Instructions to follow:
Exactly retype the opening line of the entries and every line after it, ending with the line that contains "text Skillman conducted". Skip all pictures.

Dataset content:
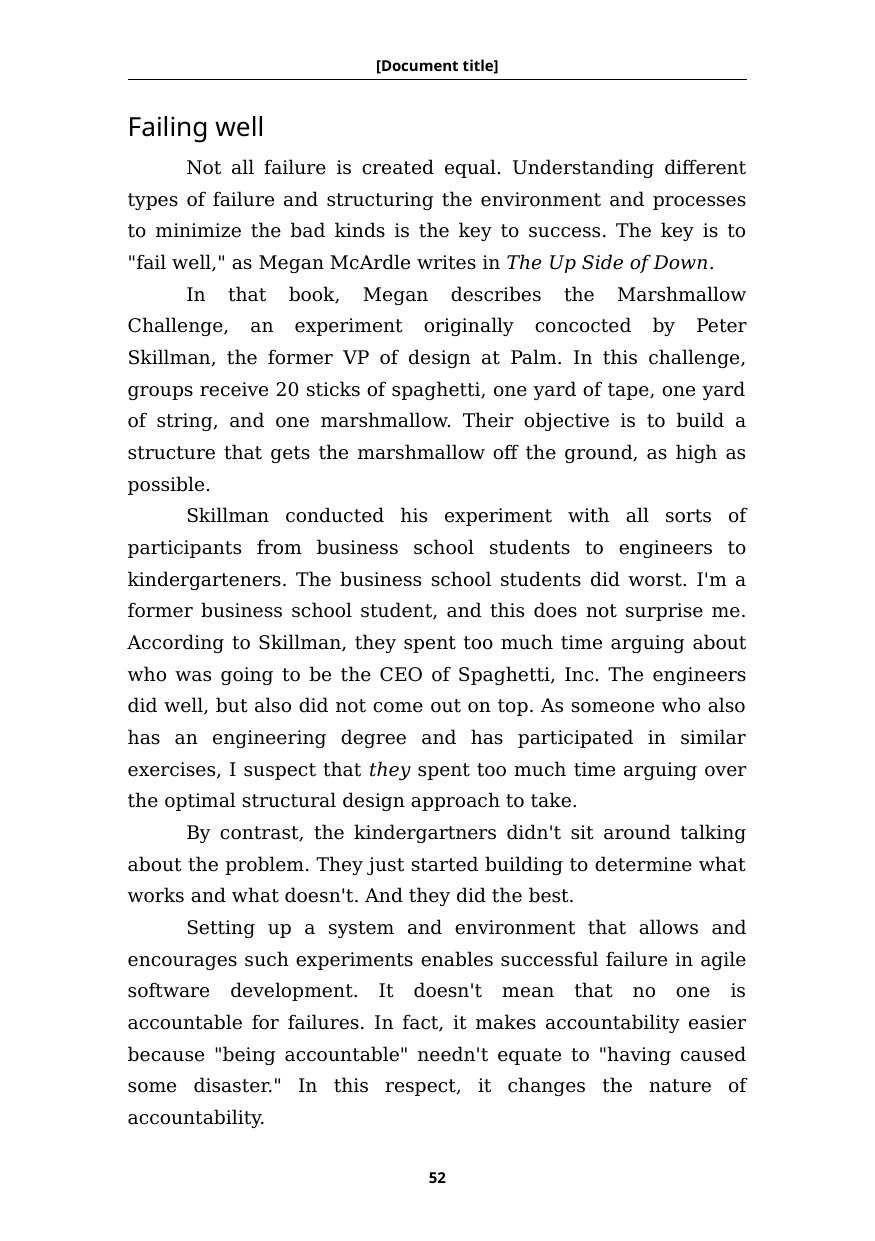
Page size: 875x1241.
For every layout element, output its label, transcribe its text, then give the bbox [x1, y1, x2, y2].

text Not all failure is created equal. Understanding different types of failure and structuring the environment and processes to minimize the bad kinds is the key to success. The key is to "fail well," as Megan McArdle writes in The Up Side of Down. [127, 157, 747, 274]
text By contrast, the kindergartners didn't sit around talking about the problem. They just started building to determine what works and what doesn't. And they did the best. [127, 822, 747, 907]
text In that book, Megan describes the Marshmallow Challenge, an experiment originally concocted by Peter Skillman, the former VP of design at Palm. In this challenge, groups receive 20 sticks of spaghetti, one yard of tape, one yard of string, and one marshmallow. Their objective is to build a structure that gets the marshmallow off the ground, as high as possible. [127, 284, 747, 496]
subtitle Failing well [127, 109, 747, 144]
text Skillman conducted his experiment with all sorts of participants from business school students to engineers to kindergarteners. The business school students did worst. I'm a former business school student, and this does not surprise me. According to Skillman, they spent too much time arguing about who was going to be the CEO of Spaghetti, Inc. The engineers did well, but also did not come out on top. As someone who also has an engineering degree and has participated in similar exercises, I suspect that they spent too much time arguing over the optimal structural design approach to take. [127, 505, 747, 812]
text Setting up a system and environment that allows and encourages such experiments enables successful failure in agile software development. It doesn't mean that no one is accountable for failures. In fact, it makes accountability easier because "being accountable" needn't equate to "having caused some disaster." In this respect, it changes the nature of accountability. [127, 917, 747, 1129]

Answer section:
Page size: 875x1241.
For every layout element, output its label, transcribe its text, then give the bbox [x1, y1, x2, y2].

text Not all failure is created equal. Understanding different types of failure and structuring the environment and processes to minimize the bad kinds is the key to success. The key is to "fail well," as Megan McArdle writes in The Up Side of Down. [127, 157, 747, 274]
text By contrast, the kindergartners didn't sit around talking about the problem. They just started building to determine what works and what doesn't. And they did the best. [127, 822, 747, 907]
text In that book, Megan describes the Marshmallow Challenge, an experiment originally concocted by Peter Skillman, the former VP of design at Palm. In this challenge, groups receive 20 sticks of spaghetti, one yard of tape, one yard of string, and one marshmallow. Their objective is to build a structure that gets the marshmallow off the ground, as high as possible. [127, 284, 747, 496]
subtitle Failing well [127, 109, 747, 144]
text Skillman conducted his experiment with all sorts of participants from business school students to engineers to kindergarteners. The business school students did worst. I'm a former business school student, and this does not surprise me. According to Skillman, they spent too much time arguing about who was going to be the CEO of Spaghetti, Inc. The engineers did well, but also did not come out on top. As someone who also has an engineering degree and has participated in similar exercises, I suspect that they spent too much time arguing over the optimal structural design approach to take. [127, 505, 747, 812]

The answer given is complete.